Przebrani za budowlańców?
"Przebrani za budowlańców od dwóch dni niszczą radiowozy, atakują policjantów, rzucają butelkami i kamieniami i wykrzykują wulgarne hasła na temat szczepień. Sparaliżowali Melbourne, w tym główne arterie i mosty. Policja była zmuszona użyć gazu pieprzowego i granatów dymnych, pogrążając jedno z największych miast Australii w chaosie" - informuje "the Australian".
"The Guardian Australia" podał, że we wtorek rano protestowało około 2 tys. osób, z czego większość stanowili młodzi mężczyźni. Według związku CFMEU, wandale są powiązani ze "skrajną prawicą".

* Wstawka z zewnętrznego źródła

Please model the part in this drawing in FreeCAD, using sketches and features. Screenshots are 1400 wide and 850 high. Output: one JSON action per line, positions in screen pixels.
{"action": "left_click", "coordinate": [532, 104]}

Shane Patton, komisarz policji w stanie Wiktoria, którego Melbourne jest stolicą, powiedział, że ma informacje o kolejnym dniu protestów. - Nie ujawnimy naszych taktyk, ale tym razem będą inne. Błagam, nie róbcie tego. Trzymajcie się z daleka - zaapelował do potencjalnych demonstrantów.
73 proc. budów łamało przepisy?
Określił zachowanie przeciwników szczepień jako "haniebne". - Tłumy jak te są dla tchórzy, którzy chcą ukryć swoją tożsamość - skrytykował osoby wywołujące zamieszki.

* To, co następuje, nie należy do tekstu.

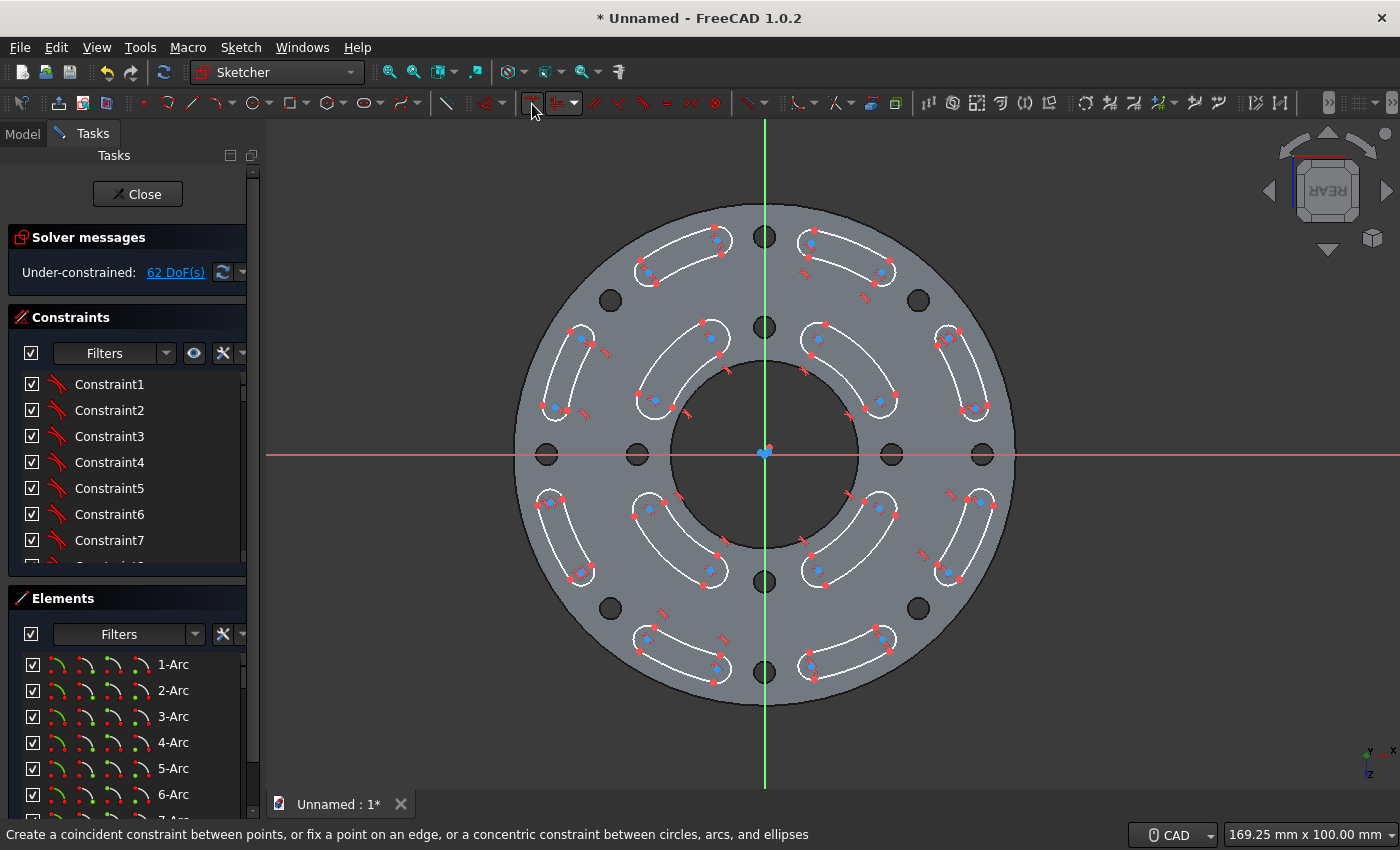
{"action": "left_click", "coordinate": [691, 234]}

ZOBACZ: Trzecia dawka szczepionki podawana jest już m.in. we Francji, Niemczech, Danii i na Węgrzech
Pielęgniarki stanu Wiktoria apelowały do demonstrantów, by "przestali myśleć wyłącznie o sobie" - informował "the Australian".
Sektor budowlany może stanąć w obliczu kolejnych ograniczeń, w tym zawieszenia działalności. Władze stanowe ujawniły dane mówiące, że nawet na 73 proc. budów łamano obowiązujące przepisy antycovidowe.